Her main and mizen masts and fore-topsail-yard were shot away, and her fore-mast, having been shot in several places and stripped of nearly the whole of its rigging, was left in a tottering state. By the time the Spanish three-decker Santa-Ana struck to her, the Royal Sovereign was almost unmanageable; and at 6 p.m. Admiral Collingwood, who had succeeded the dead hero as Commander-in-Chief, was compelled to shift his flag into the Euryalus, frigate, by which, and afterwards by the Neptune, she was taken in tow (The Trafalgar Roll by R. H. Mackenzie refers).

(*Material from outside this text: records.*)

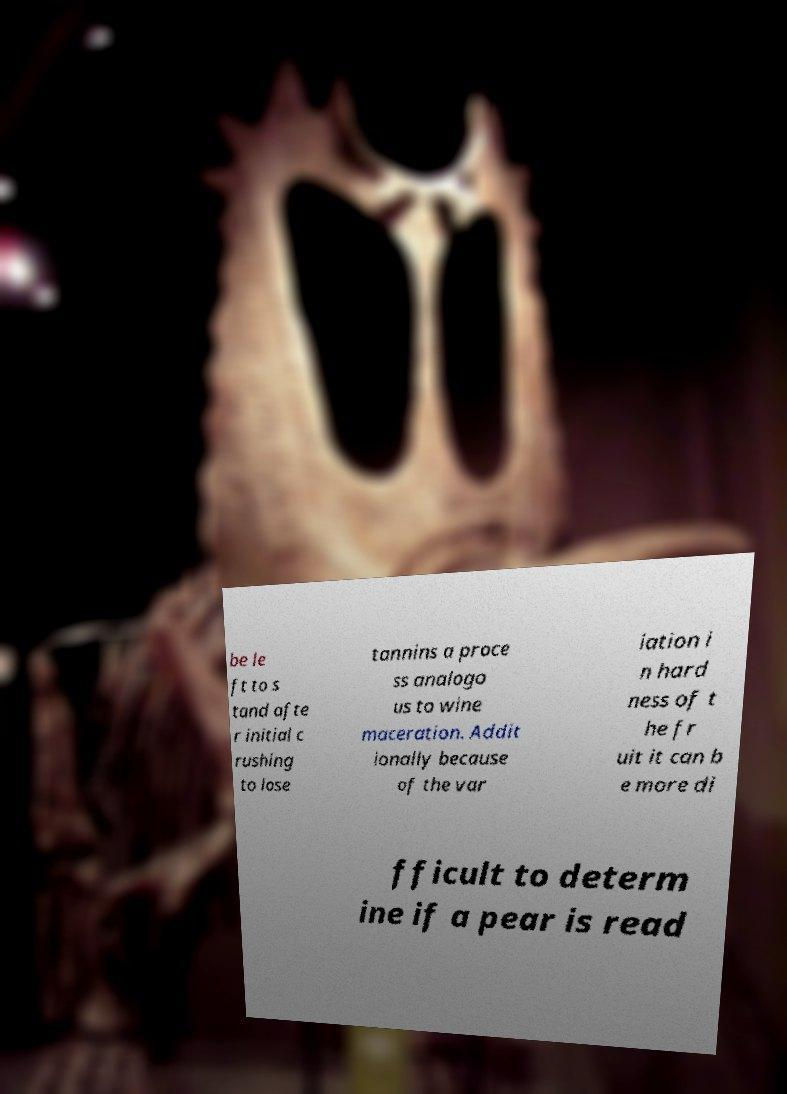I need the written content from this picture converted into text. Can you do that? be le ft to s tand afte r initial c rushing to lose tannins a proce ss analogo us to wine maceration. Addit ionally because of the var iation i n hard ness of t he fr uit it can b e more di fficult to determ ine if a pear is read 
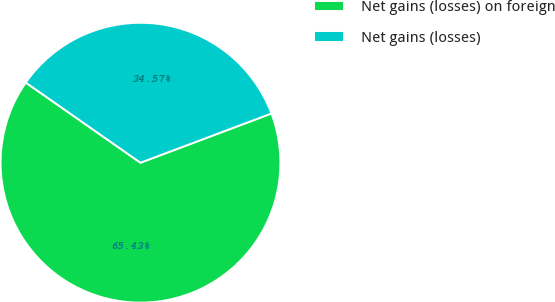Convert chart. <chart><loc_0><loc_0><loc_500><loc_500><pie_chart><fcel>Net gains (losses) on foreign<fcel>Net gains (losses)<nl><fcel>65.43%<fcel>34.57%<nl></chart> 
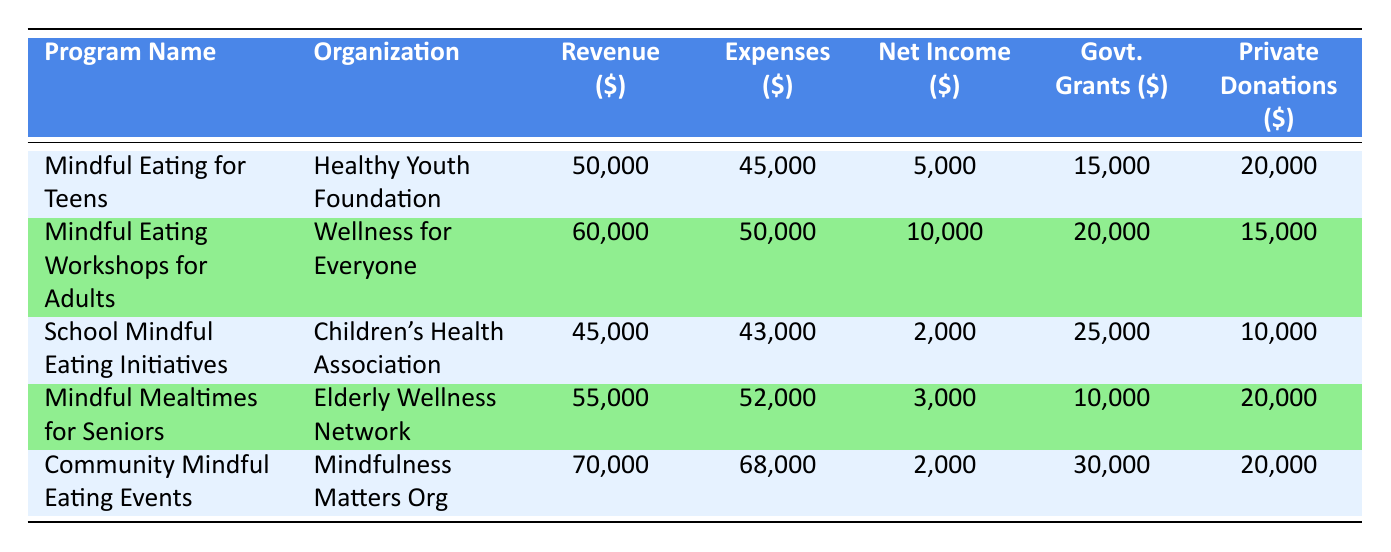What is the net income of the "Mindful Eating for Teens" program? The net income is listed directly in the table under the appropriate program name. For "Mindful Eating for Teens," the net income is stated as 5,000 dollars.
Answer: 5,000 Which program had the highest revenue? Comparing the revenue figures from each program, "Community Mindful Eating Events" has the highest revenue at 70,000 dollars, which is listed in the Revenue column.
Answer: 70,000 Is there a program with more expenses than revenue? To find this, I compare the Expenses and Revenue columns for each program. "Community Mindful Eating Events" shows expenses of 68,000 dollars against revenue of 70,000 dollars, indicating that it is not in this category. However, the analysis reveals that there are no programs with expenses exceeding their revenue. Thus, the answer is based on the overall comparison.
Answer: No What is the total net income of all programs combined? The net income for each program is listed and needs to be summed up: 5,000 + 10,000 + 2,000 + 3,000 + 2,000 = 22,000 dollars. This can be confirmed by adding these figures together.
Answer: 22,000 Did the "Mindful Mealtimes for Seniors" program receive more in government grants than the "Mindful Eating Workshops for Adults" program? The government grants for "Mindful Mealtimes for Seniors" are listed as 10,000 dollars, while for "Mindful Eating Workshops for Adults," they are 20,000 dollars. Comparing these values confirms the answer.
Answer: No What is the average revenue of the programs listed? The revenue amounts are 50,000; 60,000; 45,000; 55,000; and 70,000 dollars. There are 5 programs total. Summing these values gives 280,000 dollars, and dividing by 5 for the average results in 56,000 dollars.
Answer: 56,000 Which organization spent the most on staff salaries? By comparing the Staff Salaries column, "Community Mindful Eating Events," which lists staff salaries as 35,000 dollars, has the highest expenditure in this category.
Answer: Mindfulness Matters Org What is the difference in net income between "Mindful Eating Workshops for Adults" and "School Mindful Eating Initiatives"? The net income for "Mindful Eating Workshops for Adults" is 10,000 dollars and for "School Mindful Eating Initiatives," it is 2,000 dollars. The difference is calculated by subtracting 2,000 from 10,000, resulting in 8,000 dollars.
Answer: 8,000 Did "Children's Health Association" generate a revenue of less than 50,000 dollars? The table indicates that "Children's Health Association" generated 45,000 dollars in revenue. This is indeed less than 50,000 dollars, confirming the response.
Answer: Yes

Henry Towsey was appointed Assistant Surgeon aboard the Royal Sovereign on 14 September 1805, and served in that ship at Trafalgar. With casualties of 47 killed and 94 wounded, the Royal Sovereign suffered more than most in the battle. Towsey moved to the Formidable in January 1806, and was promoted to Surgeon in December 1810. He was appointed to the Dromedary store-ship in March 1816 and placed on half-pay later that same year. In June 1824 he was appointed to the Nieman on the Cape station but was again placed on half-pay in June 1827. He was finally declared unfit for sea service in December 1839 and went to live in Devon, where he died at Lympstone on 31 March 1860.